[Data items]
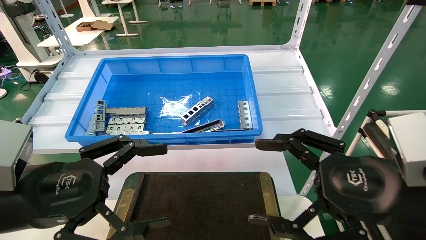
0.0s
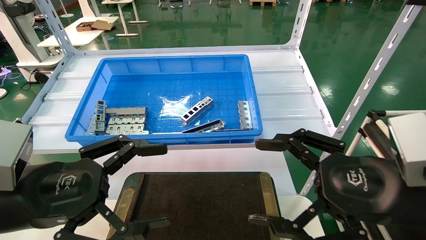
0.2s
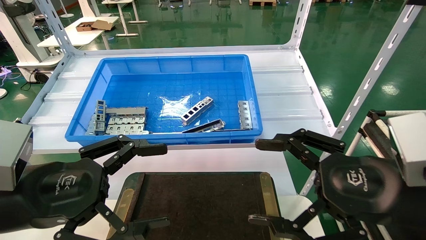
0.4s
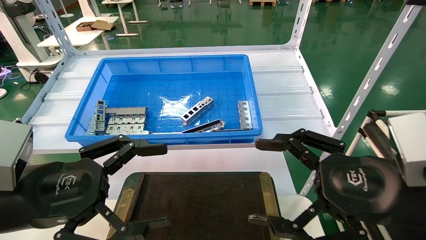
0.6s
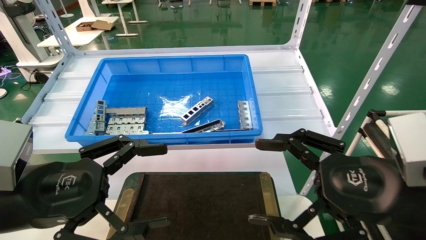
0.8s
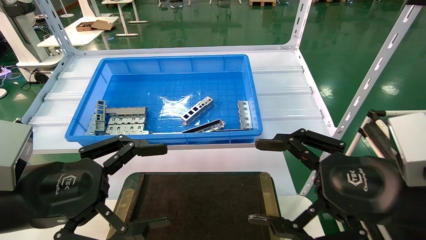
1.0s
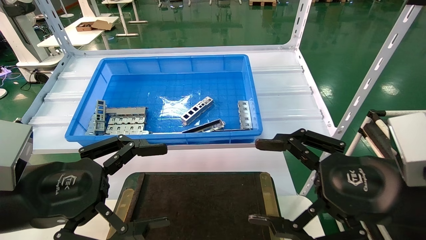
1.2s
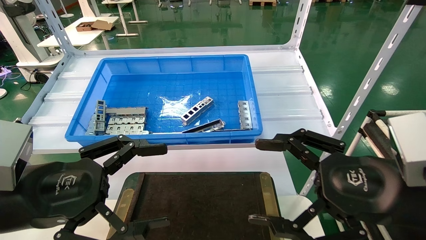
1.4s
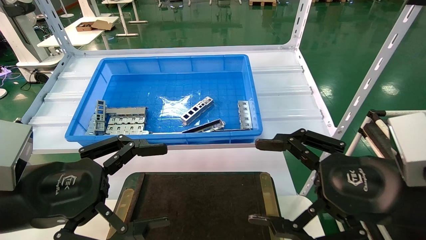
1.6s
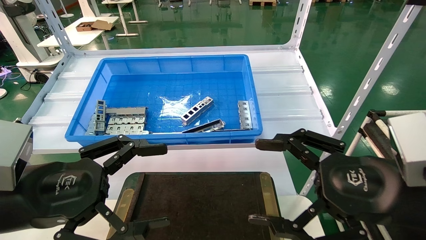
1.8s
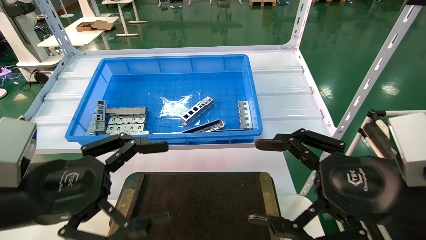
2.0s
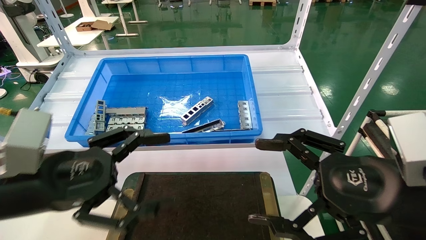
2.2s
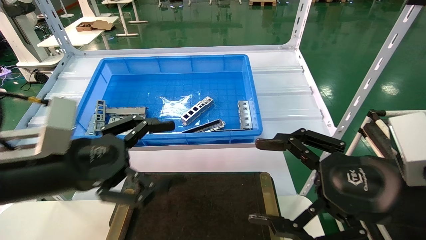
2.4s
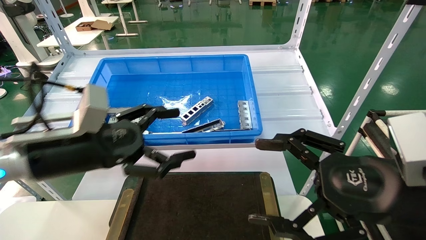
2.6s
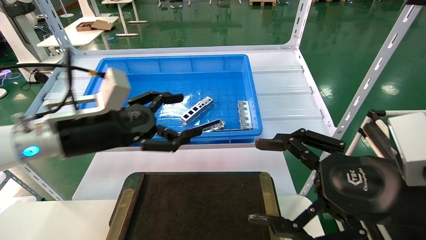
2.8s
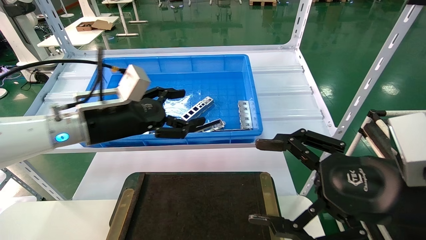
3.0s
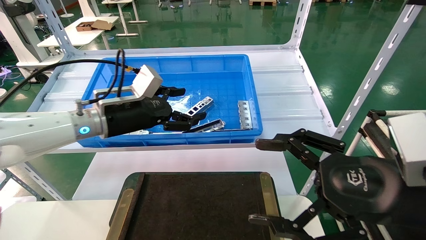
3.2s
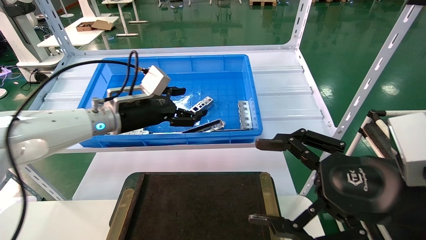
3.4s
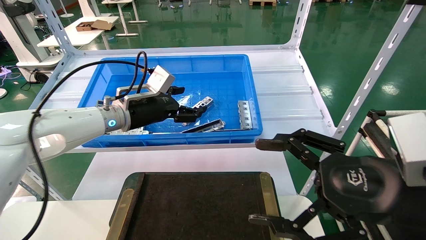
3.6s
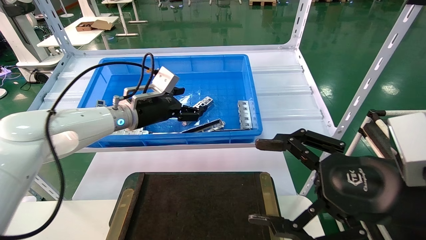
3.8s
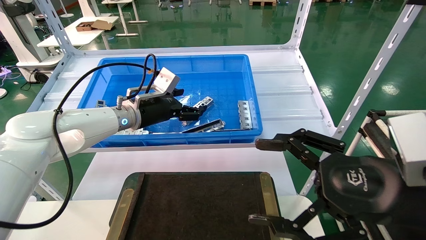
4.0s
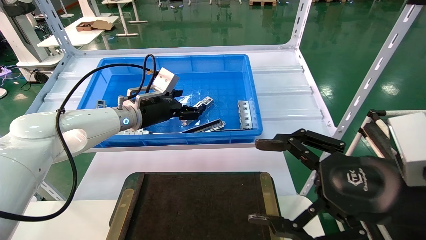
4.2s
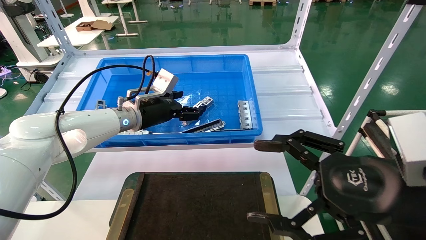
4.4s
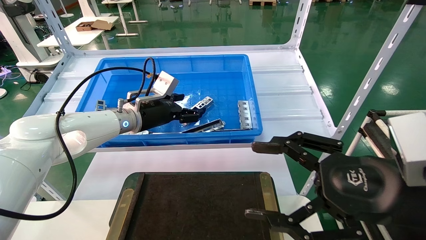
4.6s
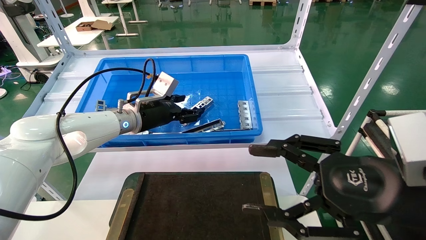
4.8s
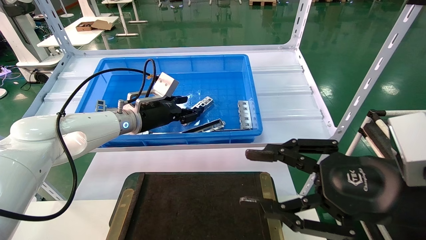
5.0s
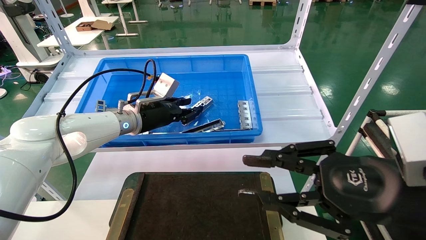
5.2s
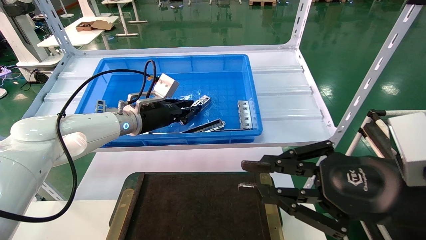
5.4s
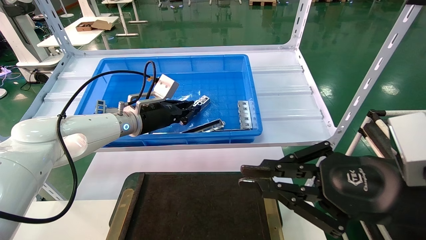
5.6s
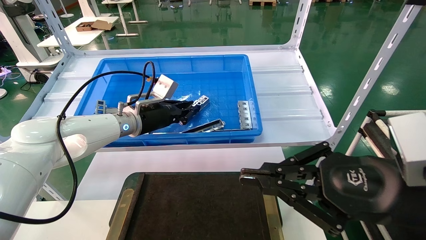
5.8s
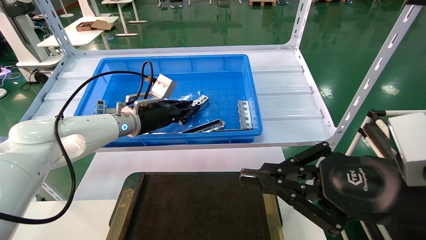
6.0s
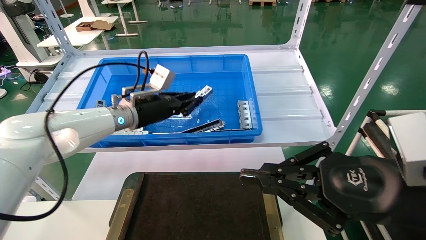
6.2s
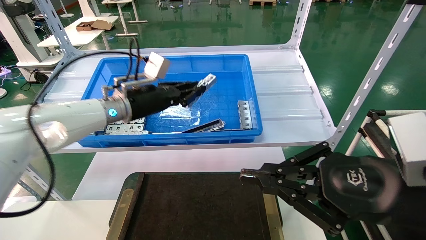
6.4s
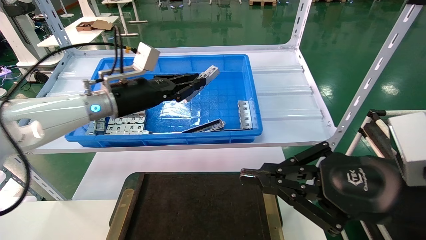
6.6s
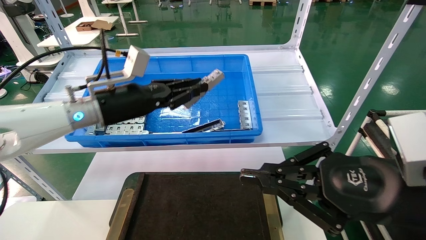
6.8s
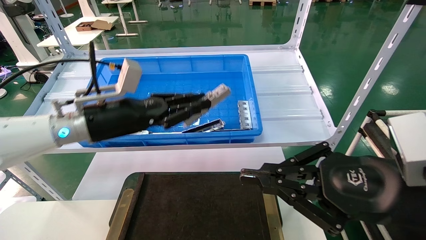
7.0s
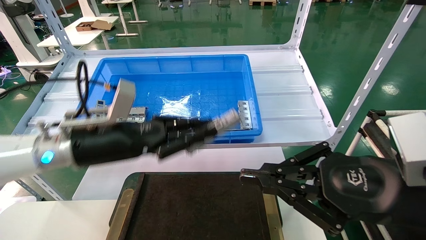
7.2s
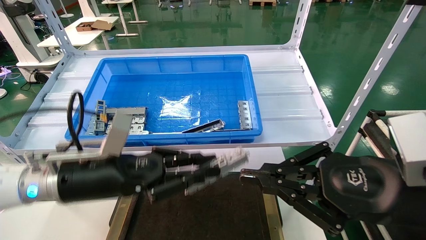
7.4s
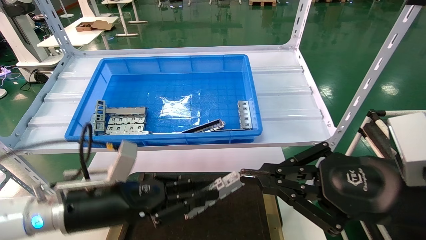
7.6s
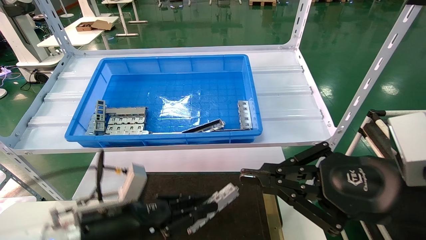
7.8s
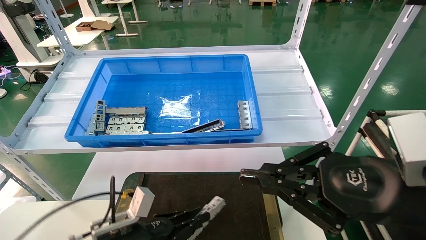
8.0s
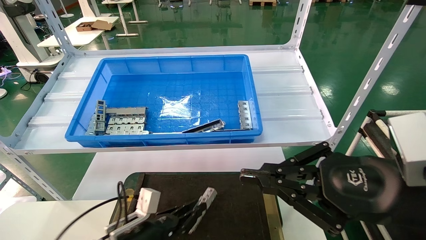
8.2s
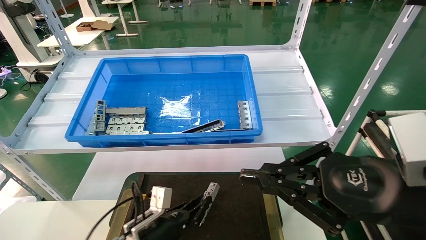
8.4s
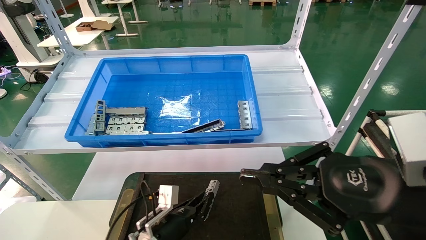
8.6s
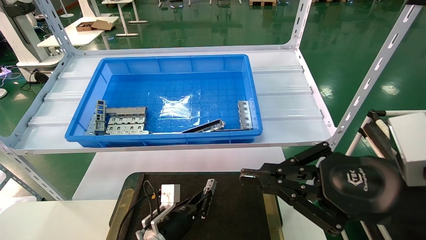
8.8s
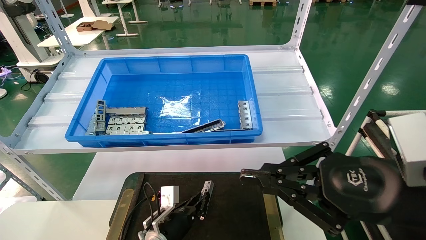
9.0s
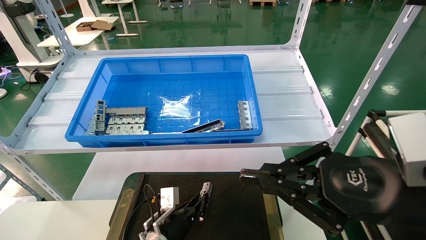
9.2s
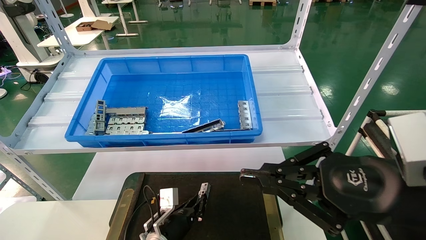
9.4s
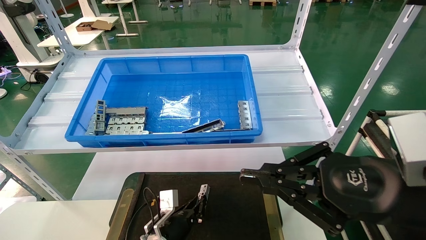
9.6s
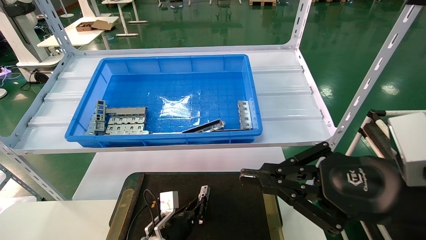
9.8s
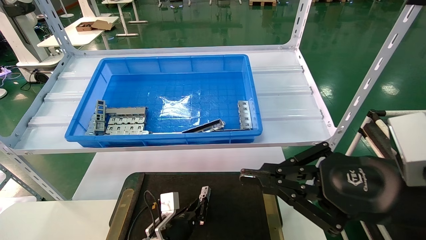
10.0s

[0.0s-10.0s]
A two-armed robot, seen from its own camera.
Task of the whole recording: Grasp the part with one hand and place it on the black container.
Step, 2.4s to 5.4s: Pick up the front USB bracket from the feeding area.
0.0s to 1.4s: Neither gripper changes place.
1.4s to 2.8s: The left gripper is displaced forward by roughly 15 cm.
2.8s to 4.2s: The left gripper moves forward, some 15 cm.
4.2s to 5.8s: The right gripper closes its fingers; the left gripper closes up.
5.8s to 7.2s: The left gripper goes some 15 cm backward.
7.2s to 8.6s: The left gripper moves downward, some 25 cm.
8.6s to 10.0s: The left gripper changes place by some 5 cm.

[Assigned task] Return every entry word for word, but drop any pictures.

[Expected output]
0.0s
0.2s
0.4s
0.6s
0.8s
1.0s
1.2s
1.4s
1.6s
1.8s
2.0s
2.2s
2.4s
2.6s
2.8s
3.0s
3.2s
3.4s
3.6s
3.8s
4.0s
4.2s
4.4s
4.6s
4.8s
5.0s
5.2s
5.4s
5.6s
5.8s
6.0s
6.2s
6.4s
6.6s
6.8s
7.0s
7.2s
7.4s
7.6s
7.8s
8.0s
8.2s
8.4s
8.6s
8.8s
9.0s
9.2s
9.4s
9.6s
9.8s
10.0s

[0.0s-10.0s]
A two-armed robot, seen from its own camera.
Task of the whole recording: Grasp the part with one hand and place it on the black container.
Step, 2.4s to 5.4s: Pick up the front USB bracket from the feeding area.
0.0s to 1.4s: Neither gripper changes place.
1.4s to 2.8s: The left gripper is displaced forward by roughly 15 cm.
2.8s to 4.2s: The left gripper moves forward, some 15 cm.
4.2s to 5.8s: The right gripper closes its fingers; the left gripper closes up.
5.8s to 7.2s: The left gripper goes some 15 cm backward.
7.2s to 8.6s: The left gripper moves downward, some 25 cm.
8.6s to 10.0s: The left gripper changes place by some 5 cm.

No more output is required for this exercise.